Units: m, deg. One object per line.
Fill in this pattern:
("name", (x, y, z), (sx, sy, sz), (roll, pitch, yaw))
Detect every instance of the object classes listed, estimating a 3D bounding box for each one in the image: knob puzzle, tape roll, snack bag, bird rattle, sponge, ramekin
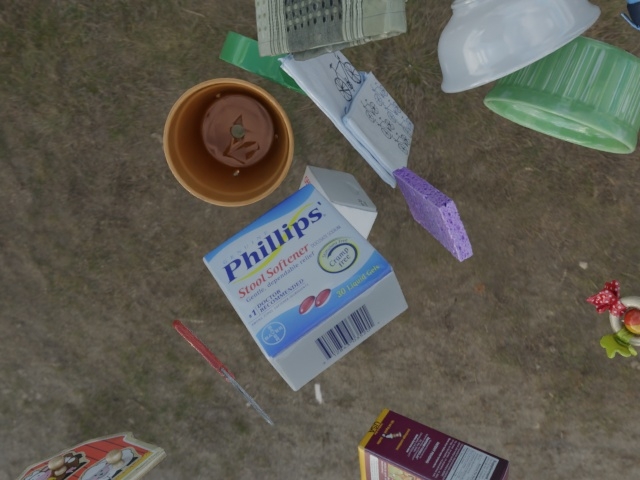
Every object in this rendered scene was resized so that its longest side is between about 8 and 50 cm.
("knob puzzle", (-0.299, 0.274, 0.681), (0.213, 0.213, 0.029), (-17, 105, 13))
("tape roll", (-0.106, -0.457, 1.586), (0.322, 0.321, 0.077), (24, 103, 1))
("snack bag", (0.076, -0.305, 1.279), (0.037, 0.323, 0.342), (-36, 107, 30))
("bird rattle", (0.999, 0.251, 1.925), (0.207, 0.143, 0.253), (-12, 83, 55))
("sponge", (0.202, -0.055, 1.090), (0.031, 0.210, 0.117), (-30, 118, -2))
("ramekin", (0.495, -0.294, 1.179), (0.304, 0.303, 0.148), (21, 99, 2))

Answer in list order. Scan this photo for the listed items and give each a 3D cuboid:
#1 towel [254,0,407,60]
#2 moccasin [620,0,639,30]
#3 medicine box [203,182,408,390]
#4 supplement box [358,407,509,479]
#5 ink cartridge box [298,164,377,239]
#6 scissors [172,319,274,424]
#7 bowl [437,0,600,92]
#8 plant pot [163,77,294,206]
("towel", (0.001, -0.378, 0.682), (0.056, 0.312, 0.323), (-11, 106, -31))
("moccasin", (0.567, -0.341, 0.881), (0.138, 0.342, 0.116), (3, 111, 52))
("medicine box", (-0.033, 0.079, 1.125), (0.264, 0.289, 0.149), (-36, 141, -8))
("supplement box", (0.154, 0.324, 0.819), (0.188, 0.081, 0.104), (16, 130, 30))
("ink cartridge box", (0.000, 0.000, 1.471), (0.131, 0.226, 0.306), (9, 116, -22))
("scissors", (-0.169, 0.239, 1.078), (0.297, 0.109, 0.021), (37, 73, 27))
("bowl", (0.327, -0.397, 1.066), (0.298, 0.298, 0.134), (-26, 109, 15))
("plant pot", (-0.209, -0.246, 1.422), (0.291, 0.203, 0.290), (-1, 109, -2))
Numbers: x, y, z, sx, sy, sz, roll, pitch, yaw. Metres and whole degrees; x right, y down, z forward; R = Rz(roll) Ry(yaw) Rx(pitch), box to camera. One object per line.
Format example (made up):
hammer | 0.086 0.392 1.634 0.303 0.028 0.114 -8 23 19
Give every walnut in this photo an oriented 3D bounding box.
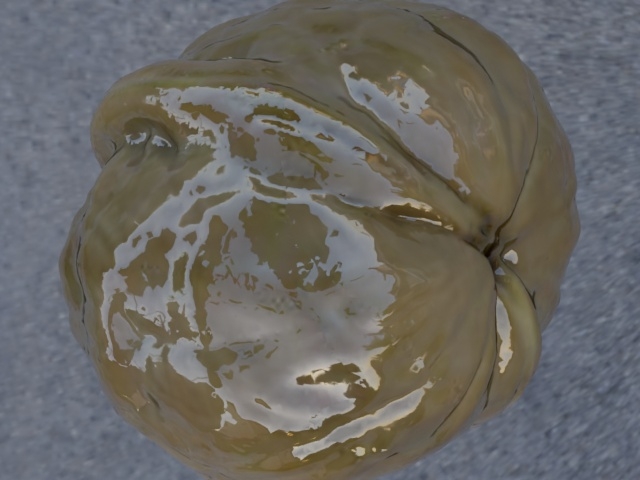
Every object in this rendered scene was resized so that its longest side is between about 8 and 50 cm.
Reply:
walnut | 0.000 0.000 0.765 0.285 0.285 0.296 21 62 22
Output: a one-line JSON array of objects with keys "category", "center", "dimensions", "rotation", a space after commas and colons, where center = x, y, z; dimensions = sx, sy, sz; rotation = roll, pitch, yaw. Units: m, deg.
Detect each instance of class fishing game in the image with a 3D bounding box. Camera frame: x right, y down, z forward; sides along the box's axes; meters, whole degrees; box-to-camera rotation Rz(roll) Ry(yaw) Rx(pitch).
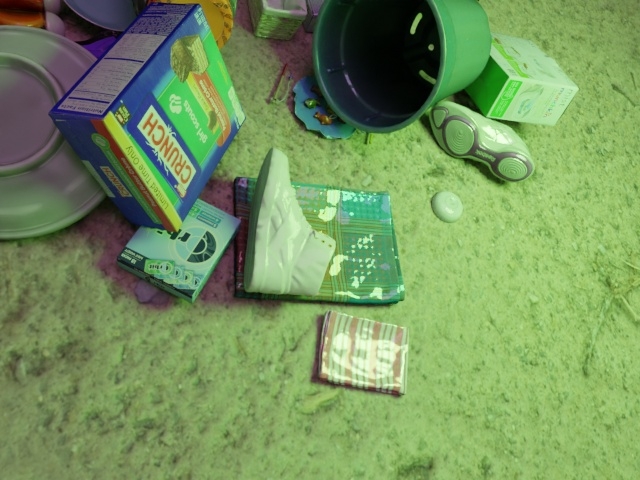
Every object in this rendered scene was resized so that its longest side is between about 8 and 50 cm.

● **WHAT YOU SHOULD DO**: Check each line above for the string "instance", then copy the ones that have it.

● **ANSWER FOR THIS EXERCISE**:
Detect every instance of the object classes listed, estimating a 3D bounding box for each one in the image: knob puzzle, tape roll, snack bag, bird rattle, sponge, ramekin
Detect each instance of class fishing game in the image with a 3D bounding box. Camera frame: x right, y down, z forward; sides along the box's axes; meters, whole degrees; box-to-camera rotation Rz(roll) Ry(yaw) Rx(pitch).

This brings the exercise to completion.